Only the lines from the one with "-0.054;0.170;1.170;0.459;0.060;0.269;-2;28;-6;frying pan" onward are wanted, through the last line of the entries, set down exactly.

DATASET RECORDS below:

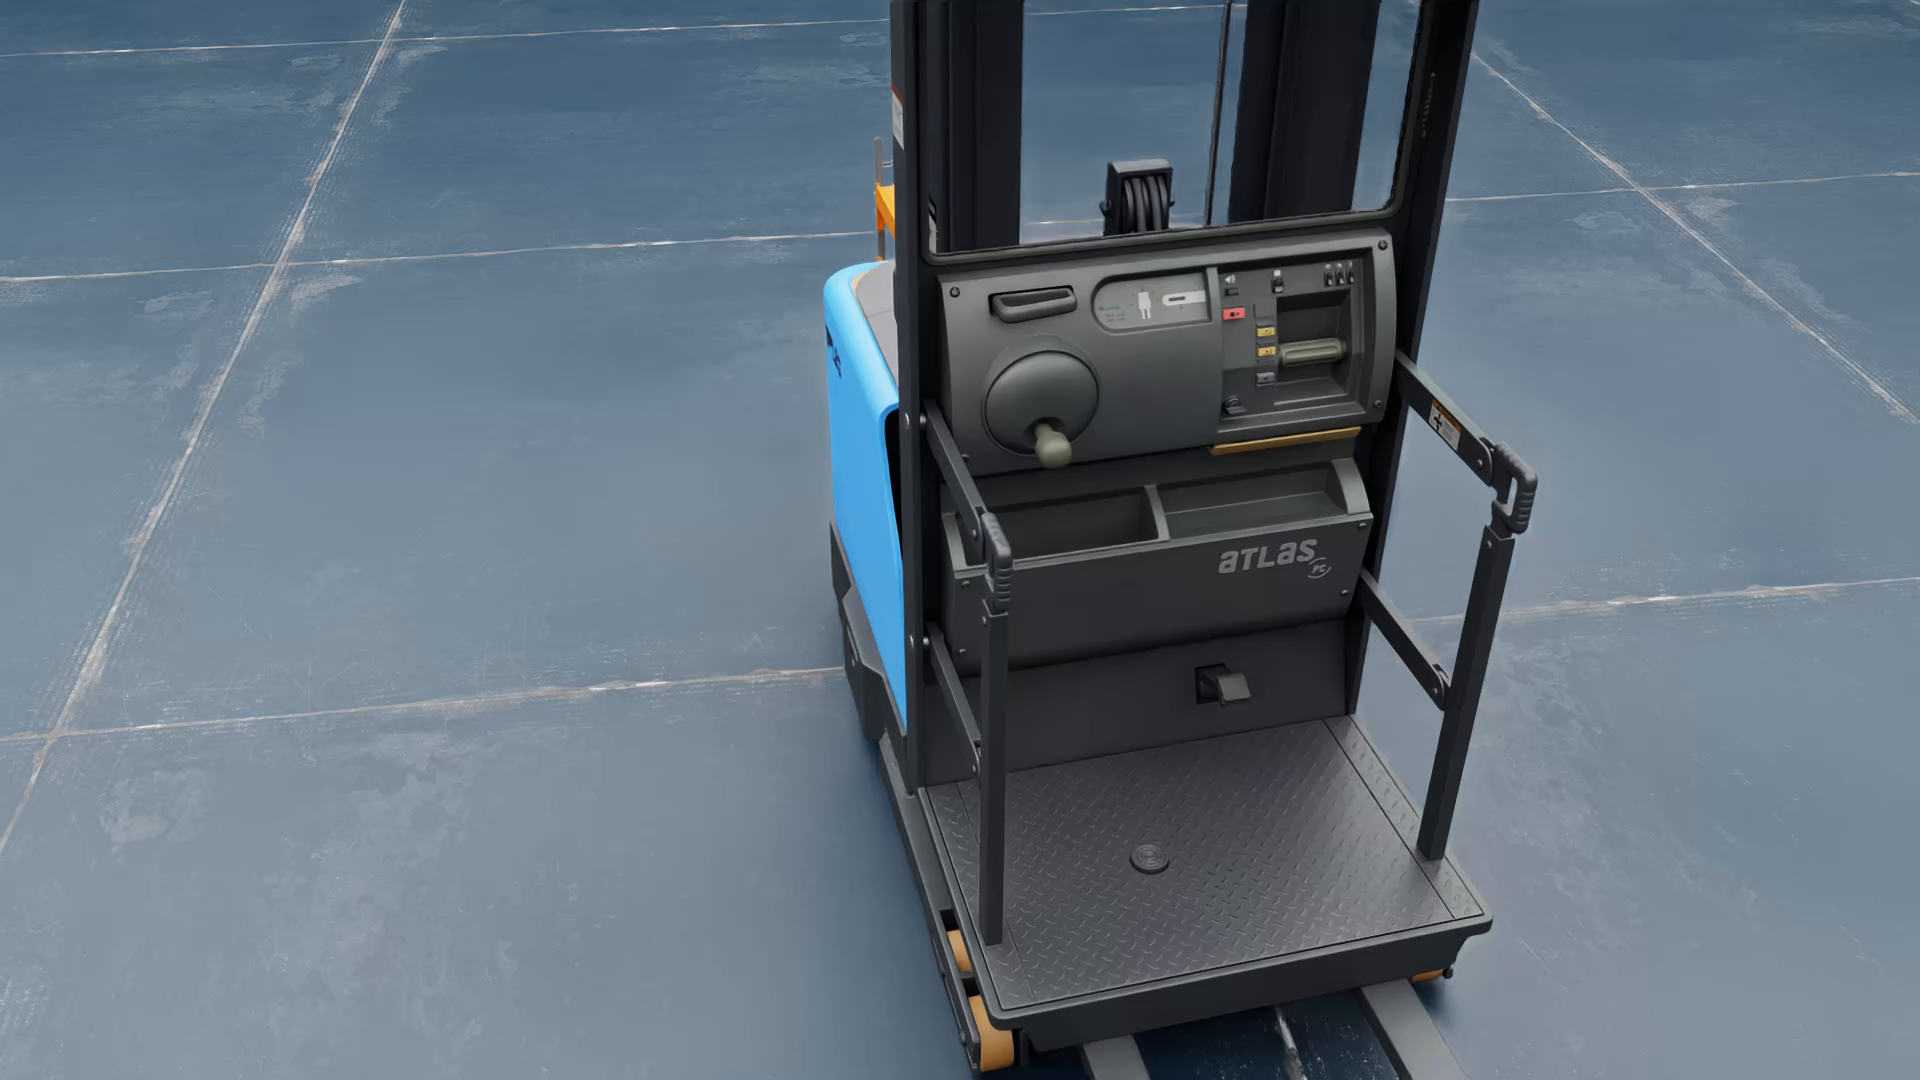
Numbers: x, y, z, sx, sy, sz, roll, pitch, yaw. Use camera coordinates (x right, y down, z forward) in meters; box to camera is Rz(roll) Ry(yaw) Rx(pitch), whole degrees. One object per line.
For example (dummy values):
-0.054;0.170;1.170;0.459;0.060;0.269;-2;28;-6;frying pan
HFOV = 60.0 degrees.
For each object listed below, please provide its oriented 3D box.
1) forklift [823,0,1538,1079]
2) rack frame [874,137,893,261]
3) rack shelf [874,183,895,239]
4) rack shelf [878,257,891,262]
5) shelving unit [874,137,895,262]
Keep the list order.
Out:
0.477;-0.313;3.107;1.130;2.935;3.031;-8;35;-12;forklift
-0.131;-0.687;5.193;0.240;1.200;0.015;-8;35;-12;rack frame
-0.072;-0.878;4.776;0.258;0.148;0.480;-8;35;-12;rack shelf
-0.072;-0.683;4.909;0.258;0.148;0.480;-8;35;-12;rack shelf
-0.072;-0.554;4.997;0.258;1.200;0.503;-8;35;-12;shelving unit

End of DATASET RECORDS.

FINISHED EXERCISE
-0.054;0.170;1.170;0.459;0.060;0.269;-2;28;-6;frying pan
HFOV = 60.0 degrees.
For each object listed below, please provide its oriented 3D box.
1) forklift [823,0,1538,1079]
2) rack frame [874,137,893,261]
3) rack shelf [874,183,895,239]
4) rack shelf [878,257,891,262]
5) shelving unit [874,137,895,262]
Keep the list order.
Out:
0.477;-0.313;3.107;1.130;2.935;3.031;-8;35;-12;forklift
-0.131;-0.687;5.193;0.240;1.200;0.015;-8;35;-12;rack frame
-0.072;-0.878;4.776;0.258;0.148;0.480;-8;35;-12;rack shelf
-0.072;-0.683;4.909;0.258;0.148;0.480;-8;35;-12;rack shelf
-0.072;-0.554;4.997;0.258;1.200;0.503;-8;35;-12;shelving unit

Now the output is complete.